How good is liquid Dampening?
Is one brand better than the other?
Does this void a New Car warranty?
Would this be a great think to apply to a New/Old car?
Where should I apply it? Doors only, Ceiling, Wheel well, trunk?

I hope this Topic will attract many of us who will be able to help others and I am looking forward to your valuable input.

Stephen


----------



## sr20dem0n (Mar 19, 2003)

Is dampening necessary?
definitely

How easy is it to install?
very easy, just time consuming

How expensive is it?
at first glance it looks very expensive, but when you're putting it on the doors it's worth its weight in gold. $50 of deadening on your doors will easily make $200 speakers sound like $400 speakers

What should I purchase and why?
any generic mat will work fine, as long as it sticks, it weighs a lot, and it doesn't give you cancer, it will work just as well as any other

Does it last or does it fall off?
anything respectable will last as long as your car

Are there tricks to install the material?
clean the surface well, take your time, wear gloves (freshly cut aluminum backing can be sharp), get a very beefy roller (I use the wooden ones for laminate flooring)

How good is liquid Dampening?
supposedly it's just as easy as the mat and it's around the same price, but it's easier to install

Is one brand better than the other?
see a couple questions up, when it comes to mass loading (which is what all of the mats out there are), weight is weight. As long as it sticks well and doesn't give off toxic fumes it's perfectly fine.

Does this void a New Car warranty?
I don't see how it would....cars come with deadening from the factory, so what's the harm in putting more on?

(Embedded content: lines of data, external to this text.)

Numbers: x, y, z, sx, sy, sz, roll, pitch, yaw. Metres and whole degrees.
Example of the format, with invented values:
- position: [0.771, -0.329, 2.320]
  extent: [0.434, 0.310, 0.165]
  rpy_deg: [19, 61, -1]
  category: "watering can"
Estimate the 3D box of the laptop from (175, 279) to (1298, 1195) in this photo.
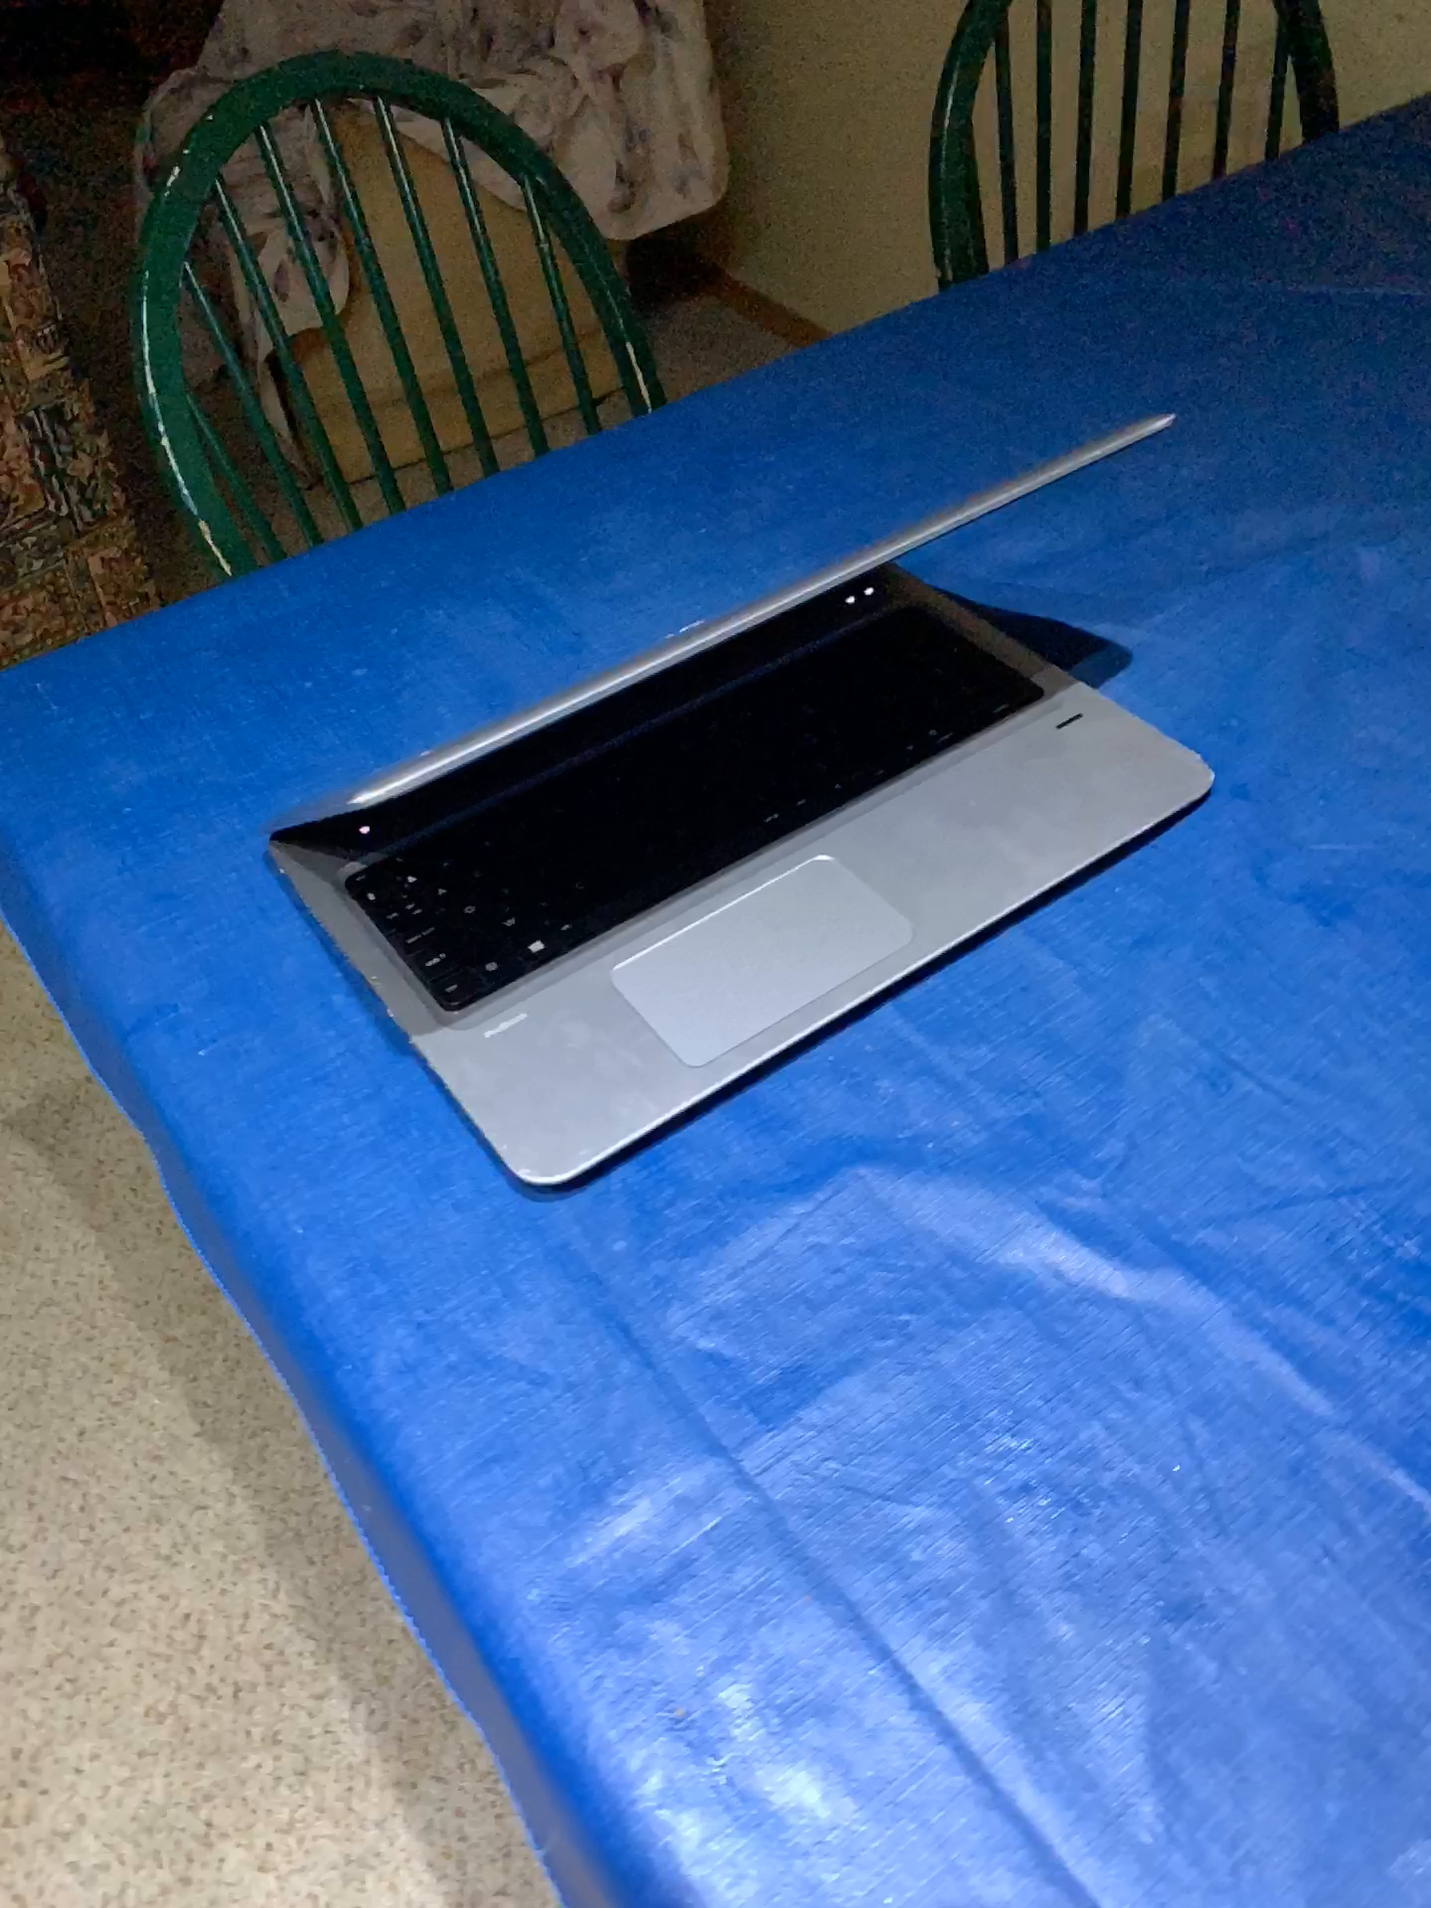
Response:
- position: [0.009, -0.120, 0.634]
  extent: [0.366, 0.156, 0.254]
  rpy_deg: [-29, 52, -21]
  category: "laptop"

Would this be a great thing to apply to a New/Old car?
yes

Where should I apply it? Doors only, Ceiling, Wheel well, trunk?
anywhere you want, I have it in all 4 doors, ceiling, floor, trunk and trunk lid. The best areas by far were the front doors and under the rear seat. The ceiling actually increased road noise, since the exhaust note tends to stay in the cabin better and resonate around, it did increase bass and decrease wind/rain noise though. The trunk lid was great for keeping it silent too, my car can hit 140dB whenever I want and you never hear a peep from the trunk lid.



As for the brands:

Second Skin Audio
Very good product, I have the STFU-80 (80 mils thick, it's an older model) and it's very good. Very heavy, very easy to work with, it sticks amazingly well, and there's no odor. Yes it's expensive, but yes it's worth every penny

Dynamat
Overpriced IMO. Like I said before, when it comes to mass loading all you care about is how well it sticks and how much it weighs. Dynamat doesn't weigh any more than the competitors and it costs SO much more. In fact I've seen independant tests showing that it didn't even meet its rated specs for heat tolerance or adhereance (is that even a word?). They built up a reputation through advertising and now they're just going along for the ride, much like everything else that's sold at best buy/circuit city.

FatMat
Worthless trash. I have 100sqft in my car and if I could take it back I would. It smells (only for the first week or so), it doesn't stick well (after 2 months pieces started falling off of my trunk lid), it doesn't weigh much, and they absolutely suck at shipping out promptly. It took me a month to get my order, and from what I hear on all the other forums this is a usual thing, in fact I've never heard of anyone getting their order in a reasonable amount of time.

Brown Bread
Never used it, but from what I hear it's very good

PermaPlate
Never heard of it

Rammat (sp?)
Very good from what I hear, great customer service, etc. Another viable option


On the sentras it takes about 4-5sqft per layer on the doors, I recommend at least one layer on the outter door skin, and at least 2 layers on the inner door panel (the metal panel that the speaker actually mounts to, not the plastic pretty piece that covers it). Make sure when you do the inner panel that you seal every hole you can and you deaden the entire panel fully. Just one large sheet over the entire door is a good idea (for each layer, of course you need to do multiple ones), make sure you leave room for the door handle and door lock bars though, if you mat right over them you'll never be able to open your door because the rods will be held in place. Here is a pic of my door, I have a layer of fatmat on the door skin and the door panel, and another 2 layers of STFU-80 on the door panel, so around 250 mils of deadening per door.


----------



## SCHESBH (May 25, 2004)

Great start to the Topic... and with pictures! When I get my X-Trail I will also take pictures and post them of the install.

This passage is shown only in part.